Nature reserve in the country of Georgia

Vashlovani Strict Nature Reserve (ვაშლოვანის სახელმწიფო ნაკრძალი) is a protected area in Dedoplistsqaro Municipality, Kakheti region of Georgia on Shiraqi mountain range and Georgian bank of Alazani River, at elevation 300-600 meters above sea level.

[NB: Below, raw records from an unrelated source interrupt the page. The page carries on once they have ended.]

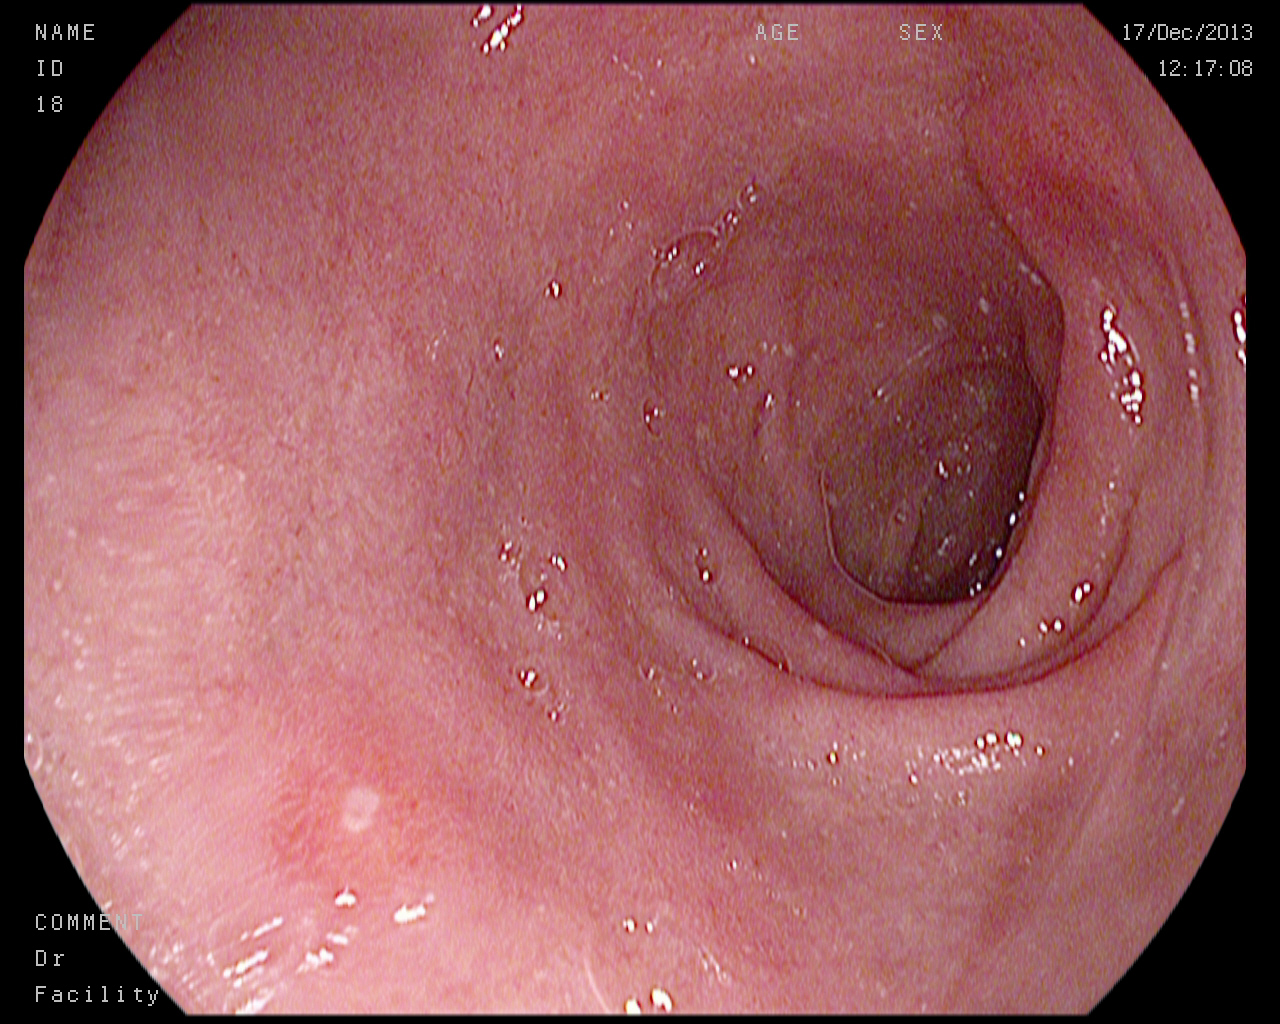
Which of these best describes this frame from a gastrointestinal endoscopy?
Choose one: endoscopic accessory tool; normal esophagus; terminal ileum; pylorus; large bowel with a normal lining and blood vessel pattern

terminal ileum
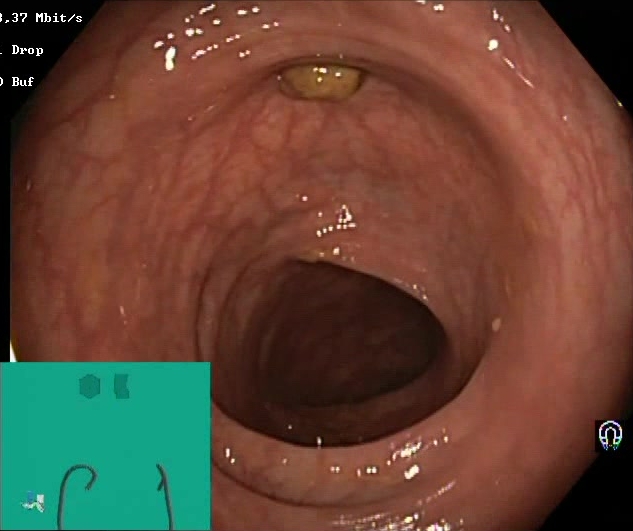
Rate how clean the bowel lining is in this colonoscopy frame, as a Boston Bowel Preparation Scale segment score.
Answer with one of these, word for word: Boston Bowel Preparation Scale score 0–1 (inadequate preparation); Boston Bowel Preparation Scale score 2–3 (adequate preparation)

Boston Bowel Preparation Scale score 2–3 (adequate preparation)

The total protected area is 10,143 hectares, with forest at 4.032 ha, and the rest are fields, desert, ravines. The purpose of the Nature Reserve is to protect and preserve rare species of rare forest flora and fauna.

== Flora ==
Protected forest mostly has pine tree and juniper. There are also Celtis, Pyrus salicifolia, pomegranate, Prunus mahaleb, Spiraea, Paliurus and wild pistachio tree (Pistacia mutica).

== Fauna ==
There are many species of birds: Rock partridge, Griffon vulture, Eurasian golden oriole, Mistle thrush, including near threatened Cinereous vultures (Aegypius monachus).
Mammals are represented by wild boar, rabbit, fox, wolf, bear, striped hyena, European badger and leopard (Panthera pardus).

== Climate ==
In terms of climate this is the most dry and harsh region in Georgia. Climate is characterized by dryness and heat.